Top of Excerpted records
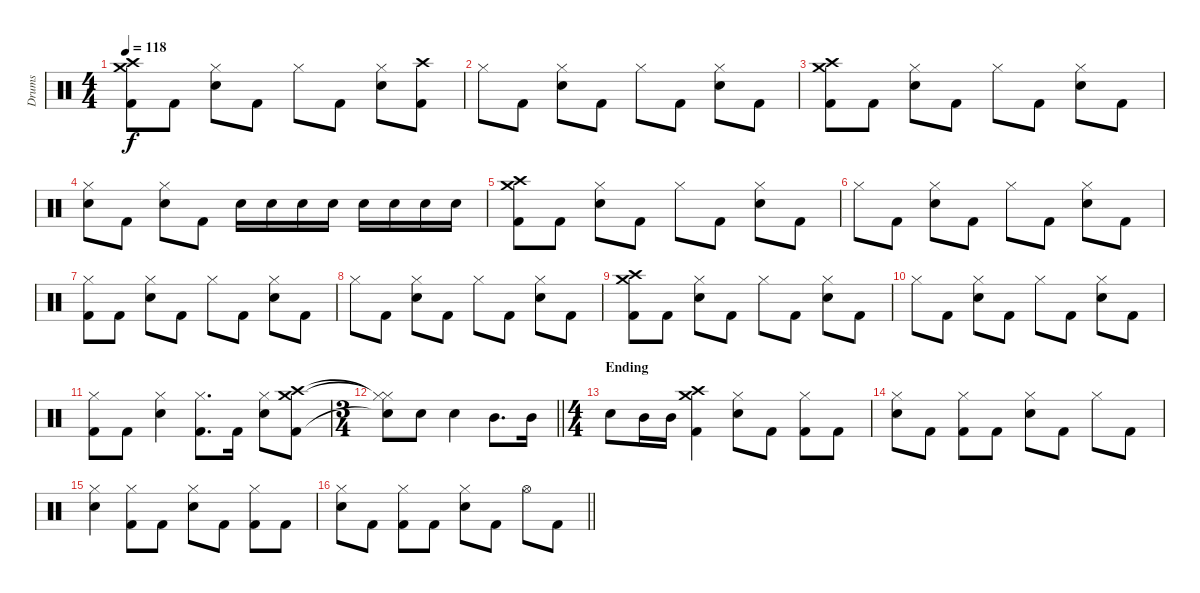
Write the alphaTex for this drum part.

\track ("Drums" "Drums") {instrument percussion}
\staff {score}
\articulation defaults
\ts (4 4)
\tempo 118
\clef neutral
\ks c
("Crash medium (hit)" "Crash high (hit)" "Kick (hit) 2").8{dy f} "Kick (hit) 2".8 ("Hi-Hat (closed)" "Snare (hit) 2").8 "Kick (hit) 2".8 "Hi-Hat (closed)".8 "Kick (hit) 2".8 ("Hi-Hat (closed)" "Snare (hit) 2").8 ("Crash high (hit)" "Kick (hit) 2").8 |
"Hi-Hat (closed)".8 "Kick (hit) 2".8 ("Hi-Hat (closed)" "Snare (hit) 2").8 "Kick (hit) 2".8 "Hi-Hat (closed)".8 "Kick (hit) 2".8 ("Hi-Hat (closed)" "Snare (hit) 2").8 "Kick (hit) 2".8 |
("Crash medium (hit)" "Crash high (hit)" "Kick (hit) 2").8 "Kick (hit) 2".8 ("Hi-Hat (closed)" "Snare (hit) 2").8 "Kick (hit) 2".8 "Hi-Hat (closed)".8 "Kick (hit) 2".8 ("Hi-Hat (closed)" "Snare (hit) 2").8 "Kick (hit) 2".8 |
("Hi-Hat (closed)" "Snare (hit) 2").8 "Kick (hit) 2".8 ("Hi-Hat (closed)" "Snare (hit) 2").8 "Kick (hit) 2".8 "Snare (hit) 2".16 "Snare (hit) 2".16 "Snare (hit) 2".16 "Snare (hit) 2".16 "Snare (hit) 2".16 "Snare (hit) 2".16 "Snare (hit) 2".16 "Snare (hit) 2".16 |
("Crash medium (hit)" "Crash high (hit)" "Kick (hit) 2").8 "Kick (hit) 2".8 ("Hi-Hat (closed)" "Snare (hit) 2").8 "Kick (hit) 2".8 "Hi-Hat (closed)".8 "Kick (hit) 2".8 ("Hi-Hat (closed)" "Snare (hit) 2").8 "Kick (hit) 2".8 |
"Hi-Hat (closed)".8 "Kick (hit) 2".8 ("Hi-Hat (closed)" "Snare (hit) 2").8 "Kick (hit) 2".8 "Hi-Hat (closed)".8 "Kick (hit) 2".8 ("Hi-Hat (closed)" "Snare (hit) 2").8 "Kick (hit) 2".8 |
("Hi-Hat (closed)" "Kick (hit) 2").8 "Kick (hit) 2".8 ("Hi-Hat (closed)" "Snare (hit) 2").8 "Kick (hit) 2".8 "Hi-Hat (closed)".8 "Kick (hit) 2".8 ("Hi-Hat (closed)" "Snare (hit) 2").8 "Kick (hit) 2".8 |
"Hi-Hat (closed)".8 "Kick (hit) 2".8 ("Hi-Hat (closed)" "Snare (hit) 2").8 "Kick (hit) 2".8 "Hi-Hat (closed)".8 "Kick (hit) 2".8 ("Hi-Hat (closed)" "Snare (hit) 2").8 "Kick (hit) 2".8 |
("Crash medium (hit)" "Crash high (hit)" "Kick (hit) 2").8 "Kick (hit) 2".8 ("Hi-Hat (closed)" "Snare (hit) 2").8 "Kick (hit) 2".8 "Hi-Hat (closed)".8 "Kick (hit) 2".8 ("Hi-Hat (closed)" "Snare (hit) 2").8 "Kick (hit) 2".8 |
"Hi-Hat (closed)".8 "Kick (hit) 2".8 ("Hi-Hat (closed)" "Snare (hit) 2").8 "Kick (hit) 2".8 "Hi-Hat (closed)".8 "Kick (hit) 2".8 ("Hi-Hat (closed)" "Snare (hit) 2").8 "Kick (hit) 2".8 |
("Hi-Hat (closed)" "Kick (hit) 2").8 "Kick (hit) 2".8 ("Hi-Hat (closed)" "Snare (hit) 2").4 ("Hi-Hat (closed)" "Kick (hit) 2").8{d} "Kick (hit) 2".16 ("Hi-Hat (closed)" "Snare (hit) 2").8 ("Crash medium (hit)" "Crash high (hit)" "Kick (hit) 2").8 |
\ts (3 4)
\barLineRight lightlight
("Hi-Hat (closed)"{t} "Hi-Hat (closed)"{t} "Snare (hit)"{t}).8 "Snare (hit) 2".8 "Snare (hit) 2".4 "Mid Tom (hit)".8{d} "Mid Tom (hit)".16 |
\ts (4 4)
\section ("" "Ending")
"Snare (hit) 2".8 "Mid Tom (hit)".16 "Mid Tom (hit)".16 ("Crash medium (hit)" "Crash high (hit)" "Kick (hit) 2").4 ("Hi-Hat (closed)" "Snare (hit) 2").8 "Kick (hit) 2".8 ("Hi-Hat (closed)" "Kick (hit) 2").8 "Kick (hit) 2".8 |
("Hi-Hat (closed)" "Snare (hit) 2").8 "Kick (hit) 2".8 ("Hi-Hat (closed)" "Kick (hit) 2").8 "Kick (hit) 2".8 ("Hi-Hat (closed)" "Snare (hit) 2").8 "Kick (hit) 2".8 "Hi-Hat (closed)".8 "Kick (hit) 2".8 |
("Hi-Hat (closed)" "Snare (hit) 2").4 ("Hi-Hat (closed)" "Kick (hit) 2").8 "Kick (hit) 2".8 ("Hi-Hat (closed)" "Snare (hit) 2").8 "Kick (hit) 2".8 ("Hi-Hat (closed)" "Kick (hit) 2").8 "Kick (hit) 2".8 |
\barLineRight lightlight
("Hi-Hat (closed)" "Snare (hit) 2").8 "Kick (hit) 2".8 ("Hi-Hat (closed)" "Kick (hit) 2").8 "Kick (hit) 2".8 ("Hi-Hat (closed)" "Snare (hit) 2").8 "Kick (hit) 2".8 "Hi-Hat (open)".8 "Kick (hit) 2".8
Bottom of Excerpted records
> Exercise instructions
Repeat the material above exactly. Leave every picture out of it.

> Problem solution
Write the alphaTex for this drum part.

\track ("Drums" "Drums") {instrument percussion}
\staff {score}
\articulation defaults
\ts (4 4)
\tempo 118
\clef neutral
\ks c
("Crash medium (hit)" "Crash high (hit)" "Kick (hit) 2").8{dy f} "Kick (hit) 2".8 ("Hi-Hat (closed)" "Snare (hit) 2").8 "Kick (hit) 2".8 "Hi-Hat (closed)".8 "Kick (hit) 2".8 ("Hi-Hat (closed)" "Snare (hit) 2").8 ("Crash high (hit)" "Kick (hit) 2").8 |
"Hi-Hat (closed)".8 "Kick (hit) 2".8 ("Hi-Hat (closed)" "Snare (hit) 2").8 "Kick (hit) 2".8 "Hi-Hat (closed)".8 "Kick (hit) 2".8 ("Hi-Hat (closed)" "Snare (hit) 2").8 "Kick (hit) 2".8 |
("Crash medium (hit)" "Crash high (hit)" "Kick (hit) 2").8 "Kick (hit) 2".8 ("Hi-Hat (closed)" "Snare (hit) 2").8 "Kick (hit) 2".8 "Hi-Hat (closed)".8 "Kick (hit) 2".8 ("Hi-Hat (closed)" "Snare (hit) 2").8 "Kick (hit) 2".8 |
("Hi-Hat (closed)" "Snare (hit) 2").8 "Kick (hit) 2".8 ("Hi-Hat (closed)" "Snare (hit) 2").8 "Kick (hit) 2".8 "Snare (hit) 2".16 "Snare (hit) 2".16 "Snare (hit) 2".16 "Snare (hit) 2".16 "Snare (hit) 2".16 "Snare (hit) 2".16 "Snare (hit) 2".16 "Snare (hit) 2".16 |
("Crash medium (hit)" "Crash high (hit)" "Kick (hit) 2").8 "Kick (hit) 2".8 ("Hi-Hat (closed)" "Snare (hit) 2").8 "Kick (hit) 2".8 "Hi-Hat (closed)".8 "Kick (hit) 2".8 ("Hi-Hat (closed)" "Snare (hit) 2").8 "Kick (hit) 2".8 |
"Hi-Hat (closed)".8 "Kick (hit) 2".8 ("Hi-Hat (closed)" "Snare (hit) 2").8 "Kick (hit) 2".8 "Hi-Hat (closed)".8 "Kick (hit) 2".8 ("Hi-Hat (closed)" "Snare (hit) 2").8 "Kick (hit) 2".8 |
("Hi-Hat (closed)" "Kick (hit) 2").8 "Kick (hit) 2".8 ("Hi-Hat (closed)" "Snare (hit) 2").8 "Kick (hit) 2".8 "Hi-Hat (closed)".8 "Kick (hit) 2".8 ("Hi-Hat (closed)" "Snare (hit) 2").8 "Kick (hit) 2".8 |
"Hi-Hat (closed)".8 "Kick (hit) 2".8 ("Hi-Hat (closed)" "Snare (hit) 2").8 "Kick (hit) 2".8 "Hi-Hat (closed)".8 "Kick (hit) 2".8 ("Hi-Hat (closed)" "Snare (hit) 2").8 "Kick (hit) 2".8 |
("Crash medium (hit)" "Crash high (hit)" "Kick (hit) 2").8 "Kick (hit) 2".8 ("Hi-Hat (closed)" "Snare (hit) 2").8 "Kick (hit) 2".8 "Hi-Hat (closed)".8 "Kick (hit) 2".8 ("Hi-Hat (closed)" "Snare (hit) 2").8 "Kick (hit) 2".8 |
"Hi-Hat (closed)".8 "Kick (hit) 2".8 ("Hi-Hat (closed)" "Snare (hit) 2").8 "Kick (hit) 2".8 "Hi-Hat (closed)".8 "Kick (hit) 2".8 ("Hi-Hat (closed)" "Snare (hit) 2").8 "Kick (hit) 2".8 |
("Hi-Hat (closed)" "Kick (hit) 2").8 "Kick (hit) 2".8 ("Hi-Hat (closed)" "Snare (hit) 2").4 ("Hi-Hat (closed)" "Kick (hit) 2").8{d} "Kick (hit) 2".16 ("Hi-Hat (closed)" "Snare (hit) 2").8 ("Crash medium (hit)" "Crash high (hit)" "Kick (hit) 2").8 |
\ts (3 4)
\barLineRight lightlight
("Hi-Hat (closed)"{t} "Hi-Hat (closed)"{t} "Snare (hit)"{t}).8 "Snare (hit) 2".8 "Snare (hit) 2".4 "Mid Tom (hit)".8{d} "Mid Tom (hit)".16 |
\ts (4 4)
\section ("" "Ending")
"Snare (hit) 2".8 "Mid Tom (hit)".16 "Mid Tom (hit)".16 ("Crash medium (hit)" "Crash high (hit)" "Kick (hit) 2").4 ("Hi-Hat (closed)" "Snare (hit) 2").8 "Kick (hit) 2".8 ("Hi-Hat (closed)" "Kick (hit) 2").8 "Kick (hit) 2".8 |
("Hi-Hat (closed)" "Snare (hit) 2").8 "Kick (hit) 2".8 ("Hi-Hat (closed)" "Kick (hit) 2").8 "Kick (hit) 2".8 ("Hi-Hat (closed)" "Snare (hit) 2").8 "Kick (hit) 2".8 "Hi-Hat (closed)".8 "Kick (hit) 2".8 |
("Hi-Hat (closed)" "Snare (hit) 2").4 ("Hi-Hat (closed)" "Kick (hit) 2").8 "Kick (hit) 2".8 ("Hi-Hat (closed)" "Snare (hit) 2").8 "Kick (hit) 2".8 ("Hi-Hat (closed)" "Kick (hit) 2").8 "Kick (hit) 2".8 |
\barLineRight lightlight
("Hi-Hat (closed)" "Snare (hit) 2").8 "Kick (hit) 2".8 ("Hi-Hat (closed)" "Kick (hit) 2").8 "Kick (hit) 2".8 ("Hi-Hat (closed)" "Snare (hit) 2").8 "Kick (hit) 2".8 "Hi-Hat (open)".8 "Kick (hit) 2".8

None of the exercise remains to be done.